En outre, de nouvelles formes de distribution de contenus donnent
le jour à de nouveaux modèles commerciaux qui peuvent assurer une
juste rémunération aux créateurs et favoriser leur activité.
8. L’Assemblée demande au Comité des Ministres de lancer une
réflexion sur les droits d’auteur à l’ère de l’Internet. A cet égard,
l’ancien Groupe de Spécialistes sur les droits de l'homme dans la
société de l’information, subordonné au CDMC, a élaboré un rapport
sur les nouvelles questions et tendances concernant la protection
des droits de propriété intellectuelle et l’utilisation de mesures
de protection technique dans le contexte du développement de nouveaux
services de communication et d’information (et de l’internet), ainsi que
les droits fondamentaux à la liberté d’expression et à la libre
circulation des informations, l’accès à la connaissance et à l’éducation,
la promotion de la recherche et du développement scientifique et
la protection et la promotion de la diversité des expressions culturelles
et de la création artistique (MC-S-IS(2007)008rev3).
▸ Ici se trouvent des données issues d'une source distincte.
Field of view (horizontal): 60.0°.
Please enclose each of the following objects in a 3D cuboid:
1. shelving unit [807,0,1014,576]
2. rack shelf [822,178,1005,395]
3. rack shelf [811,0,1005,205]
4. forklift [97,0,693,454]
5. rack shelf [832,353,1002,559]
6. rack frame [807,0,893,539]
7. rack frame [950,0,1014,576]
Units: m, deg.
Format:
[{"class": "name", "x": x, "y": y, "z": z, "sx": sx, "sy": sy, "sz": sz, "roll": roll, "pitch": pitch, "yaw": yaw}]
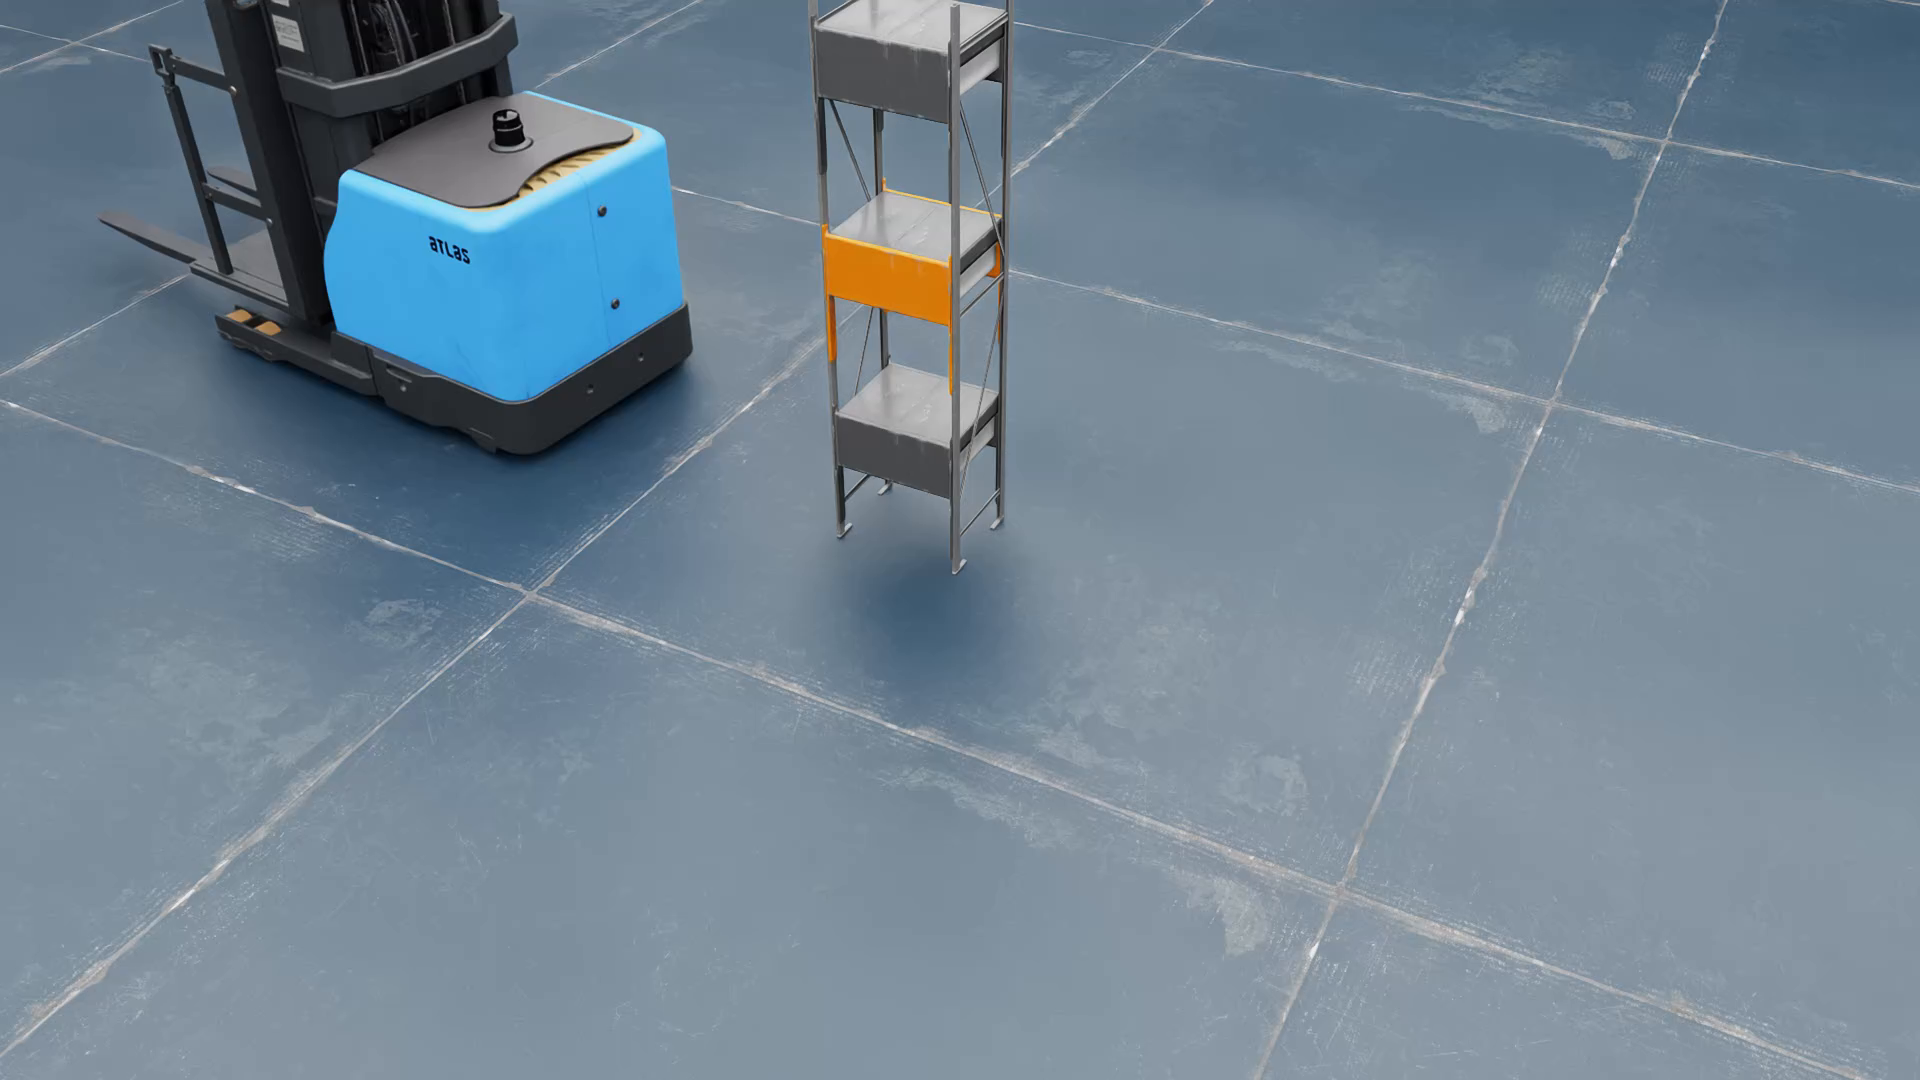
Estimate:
[{"class": "shelving unit", "x": -0.147, "y": -0.882, "z": 5.676, "sx": 0.503, "sy": 2.100, "sz": 0.431, "roll": 17, "pitch": 41, "yaw": 21}, {"class": "rack shelf", "x": -0.147, "y": -0.872, "z": 5.684, "sx": 0.480, "sy": 0.518, "sz": 0.431, "roll": 17, "pitch": 41, "yaw": 21}, {"class": "rack shelf", "x": -0.147, "y": -1.429, "z": 5.261, "sx": 0.480, "sy": 0.518, "sz": 0.431, "roll": 17, "pitch": 41, "yaw": 21}, {"class": "forklift", "x": -2.669, "y": -2.195, "z": 6.717, "sx": 3.031, "sy": 2.935, "sz": 1.130, "roll": 22, "pitch": 42, "yaw": 26}, {"class": "rack shelf", "x": -0.147, "y": -0.314, "z": 6.107, "sx": 0.480, "sy": 0.518, "sz": 0.431, "roll": 17, "pitch": 41, "yaw": 21}, {"class": "rack frame", "x": -0.364, "y": -0.950, "z": 5.765, "sx": 0.015, "sy": 2.100, "sz": 0.400, "roll": 17, "pitch": 41, "yaw": 21}, {"class": "rack frame", "x": 0.070, "y": -0.815, "z": 5.586, "sx": 0.015, "sy": 2.100, "sz": 0.400, "roll": 17, "pitch": 41, "yaw": 21}]

9. Si le Comité des Ministres devait décider que le Conseil de
l'Europe est la tribune appropriée pour faire avancer cette réflexion,
cette tâche dépasserait les compétences du CDMC et on pourrait y
associer, à juste titre, d’autres comités directeurs, en particulier
ceux qui s’occupent de la coopération juridique, de la culture, de
l’éducation et des droits de l'homme.